Landrigan: Keno remains popular idea in NH House, but enough to approve a casino?


CONCORD - Keno is essentially an electronic bingo game, wildly popular in our neighboring state to the south, and some lawmakers remain determined to legalize it here.

"This is in essence a user fee as opposed to a tax,’’ said State Rep. Lynne Ober, R-Hudson.

The top supporter says her bill to legalize Keno only happens in towns that vote for it, it would let bars and restaurants keep 8 percent of the gross, and the state needs the $8 million in revenue.

The state lottery chief says it’s a logical way to keep his players gambling with the state.

"Commerce changes right? You have to sort of keep players attention as you would any customer attention," said Charles McIntyre, executive director of the lottery.

"So this is one way you would make changes to our current offerings."

But Senate leaders want a casino and say this form of new gambling doesn’t do enough.

"The basic negative is it doesn’t do what you really want it to do,’’ said Sen.

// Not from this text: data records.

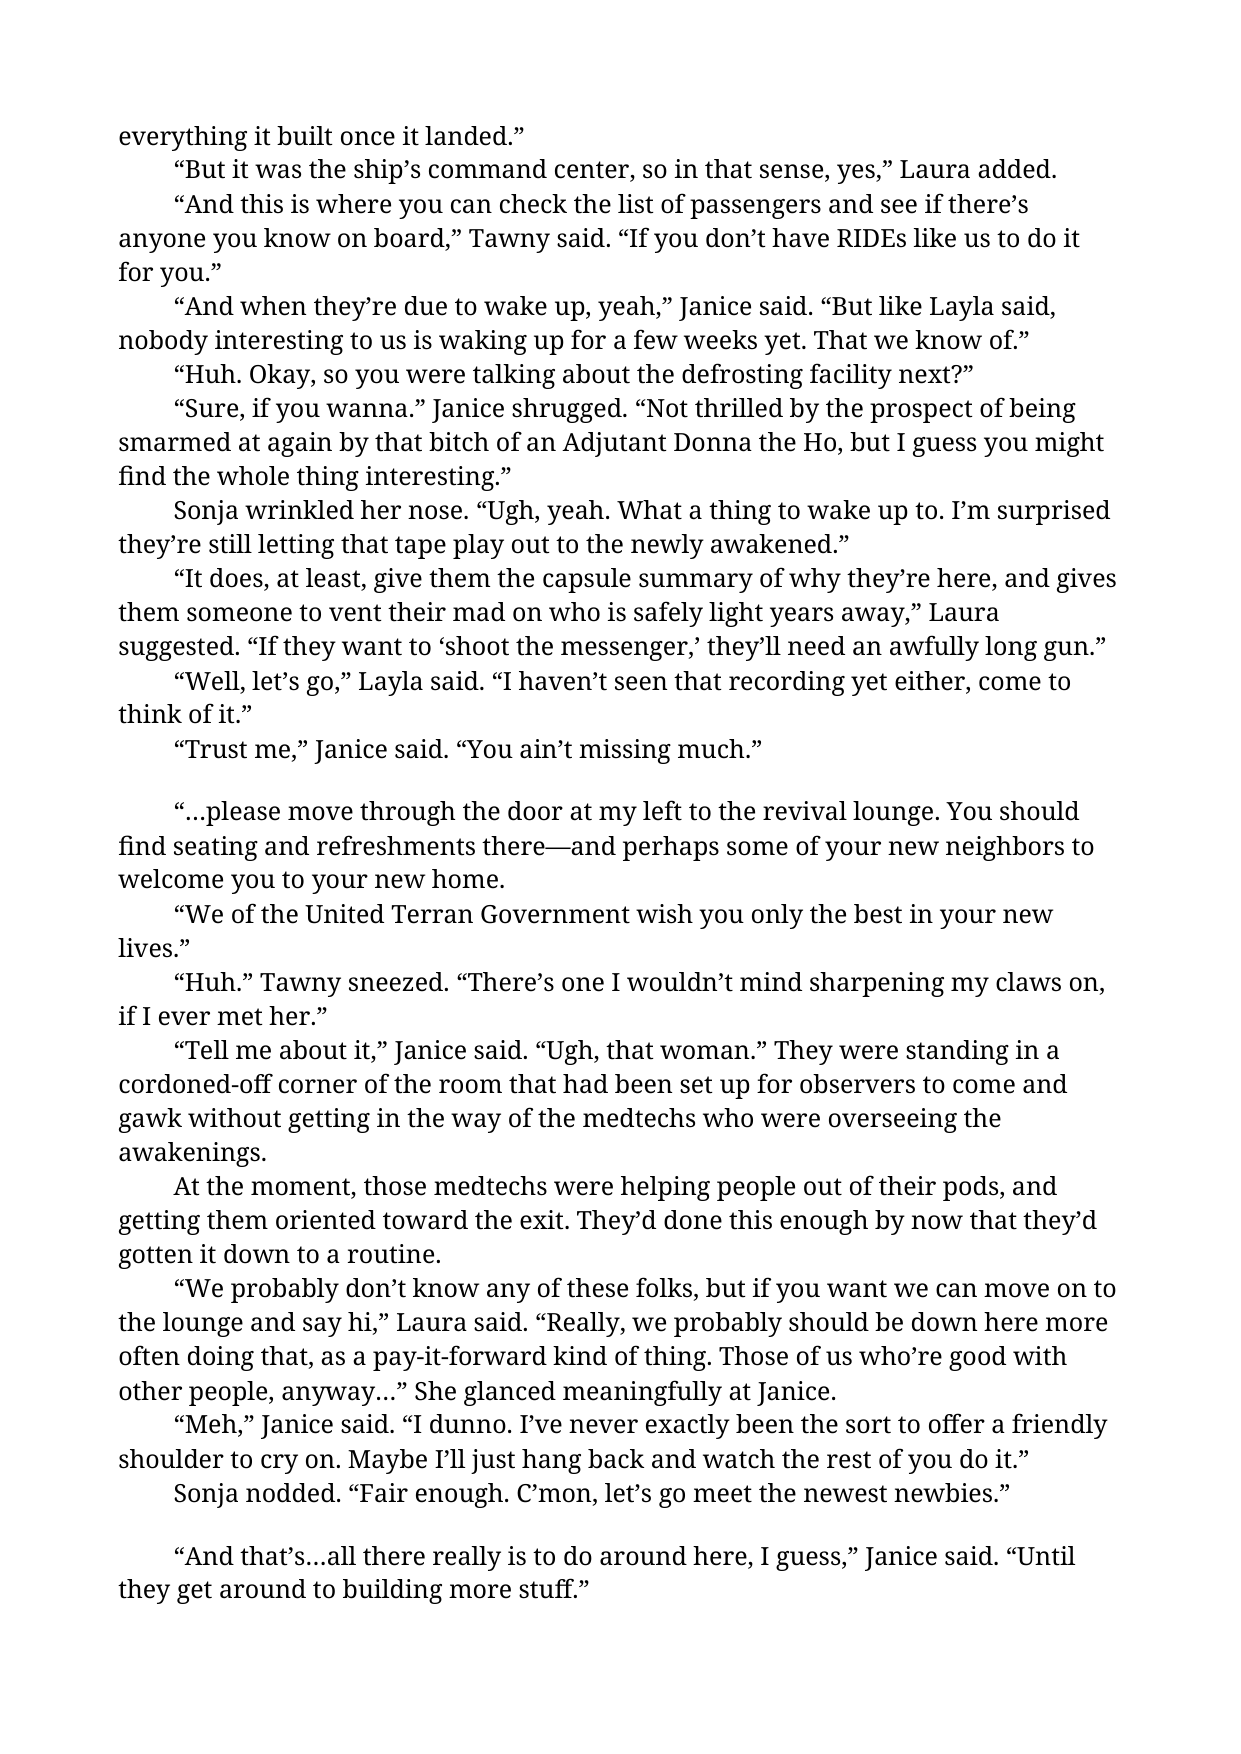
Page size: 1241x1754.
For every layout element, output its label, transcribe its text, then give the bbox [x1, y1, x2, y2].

text “Trust me,” Janice said. “You ain’t missing much.” [118, 731, 1122, 765]
text “Well, let’s go,” Layla said. “I haven’t seen that recording yet either, come to think of it.” [118, 663, 1122, 731]
text “Huh. Okay, so you were talking about the defrosting facility next?” [118, 357, 1122, 391]
text “Tell me about it,” Janice said. “Ugh, that woman.” They were standing in a cordoned-off corner of the room that had been set up for observers to come and gawk without getting in the way of the medtechs who were overseeing the awakenings. [118, 1032, 1122, 1169]
text everything it built once it landed.” [118, 118, 1122, 152]
text “…please move through the door at my left to the revival lounge. You should find seating and refreshments there—and perhaps some of your new neighbors to welcome you to your new home. [118, 794, 1122, 896]
text “It does, at least, give them the capsule summary of why they’re here, and gives them someone to vent their mad on who is safely light years away,” Laura suggested. “If they want to ‘shoot the messenger,’ they’ll need an awfully long gun.” [118, 561, 1122, 663]
text “Meh,” Janice said. “I dunno. I’ve never exactly been the sort to offer a friendly shoulder to cry on. Maybe I’ll just hang back and watch the rest of you do it.” [118, 1407, 1122, 1475]
text “And that’s…all there really is to do around here, I guess,” Janice said. “Until they get around to building more stuff.” [118, 1538, 1122, 1606]
text “Sure, if you wanna.” Janice shrugged. “Not thrilled by the prospect of being smarmed at again by that bitch of an Adjutant Donna the Ho, but I guess you might find the whole thing interesting.” [118, 391, 1122, 493]
text “We probably don’t know any of these folks, but if you want we can move on to the lounge and say hi,” Laura said. “Really, we probably should be down here more often doing that, as a pay-it-forward kind of thing. Those of us who’re good with other people, anyway…” She glanced meaningfully at Janice. [118, 1271, 1122, 1407]
text “Huh.” Tawny sneezed. “There’s one I wouldn’t mind sharpening my claws on, if I ever met her.” [118, 964, 1122, 1032]
text “And when they’re due to wake up, yeah,” Janice said. “But like Layla said, nobody interesting to us is waking up for a few weeks yet. That we know of.” [118, 288, 1122, 357]
text “We of the United Terran Government wish you only the best in your new lives.” [118, 896, 1122, 964]
text “And this is where you can check the list of passengers and see if there’s anyone you know on board,” Tawny said. “If you don’t have RIDEs like us to do it for you.” [118, 186, 1122, 288]
text Sonja nodded. “Fair enough. C’mon, let’s go meet the newest newbies.” [118, 1475, 1122, 1509]
text “But it was the ship’s command center, so in that sense, yes,” Laura added. [118, 152, 1122, 186]
text At the moment, those medtechs were helping people out of their pods, and getting them oriented toward the exit. They’d done this enough by now that they’d gotten it down to a routine. [118, 1169, 1122, 1271]
text Sonja wrinkled her nose. “Ugh, yeah. What a thing to wake up to. I’m surprised they’re still letting that tape play out to the newly awakened.” [118, 493, 1122, 561]

Lou D’Allesandro, D-Manchester and the political godfather of casino advocates in the New Hampshire Legislature. "We have a lottery; the lottery does well, this will impinge on the lottery, and it doesn’t really provide economic opportunity, it doesn’t provide jobs and it doesn’t provide the revenue base.’’

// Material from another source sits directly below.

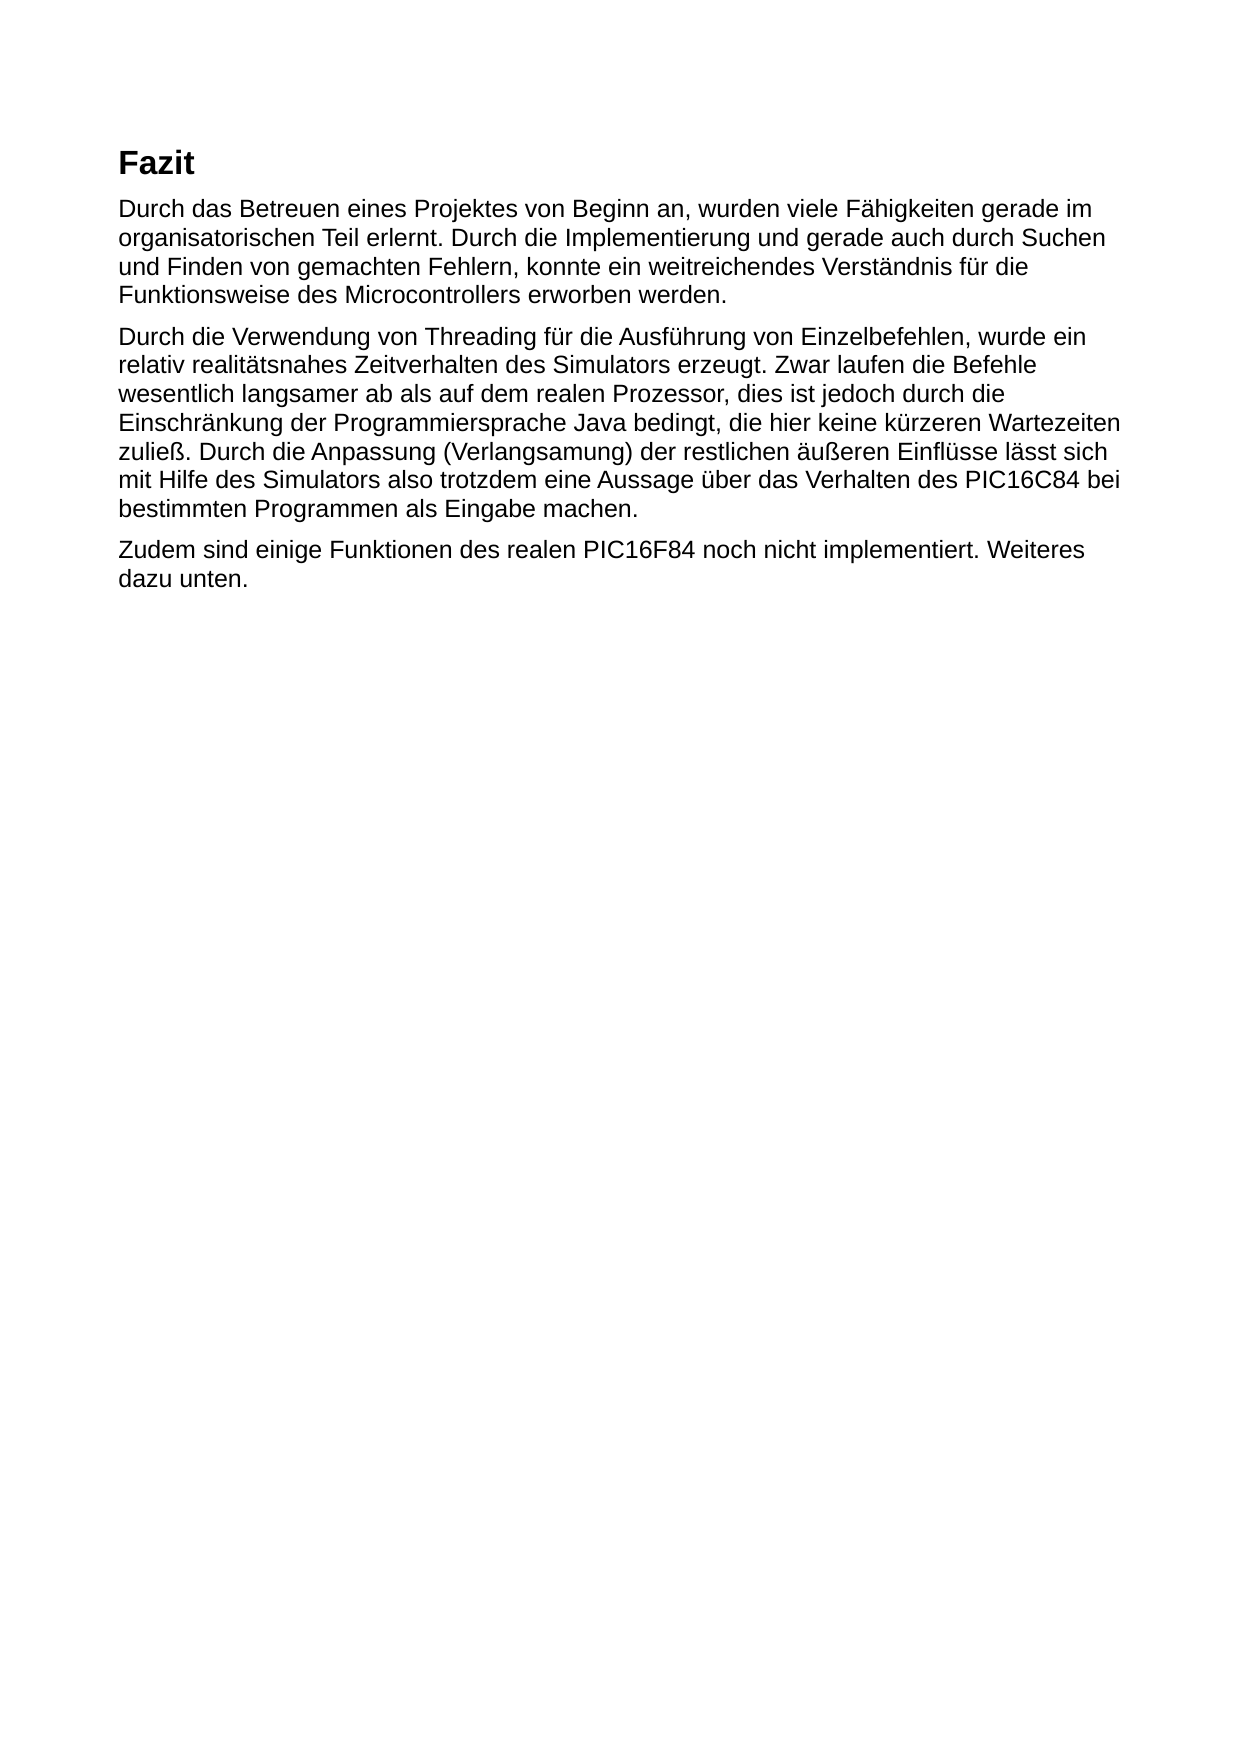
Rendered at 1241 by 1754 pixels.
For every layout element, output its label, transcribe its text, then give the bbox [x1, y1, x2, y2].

A leading opponent says keno has taken over the Massachusetts lottery.

"Keno now accounts for nearly three quarters of lottery revenue,’’ says Rep. Mary Cooney, D-Plymouth. "New Hampshire should not depend on revenue which is too often taken from those who can least afford to lose it.’’

Senators say they’re willing to deal if it means getting a casino.

"You talk about things; you either add or subtract based on what’s desirable to get the bill passed," D’Allesandro said.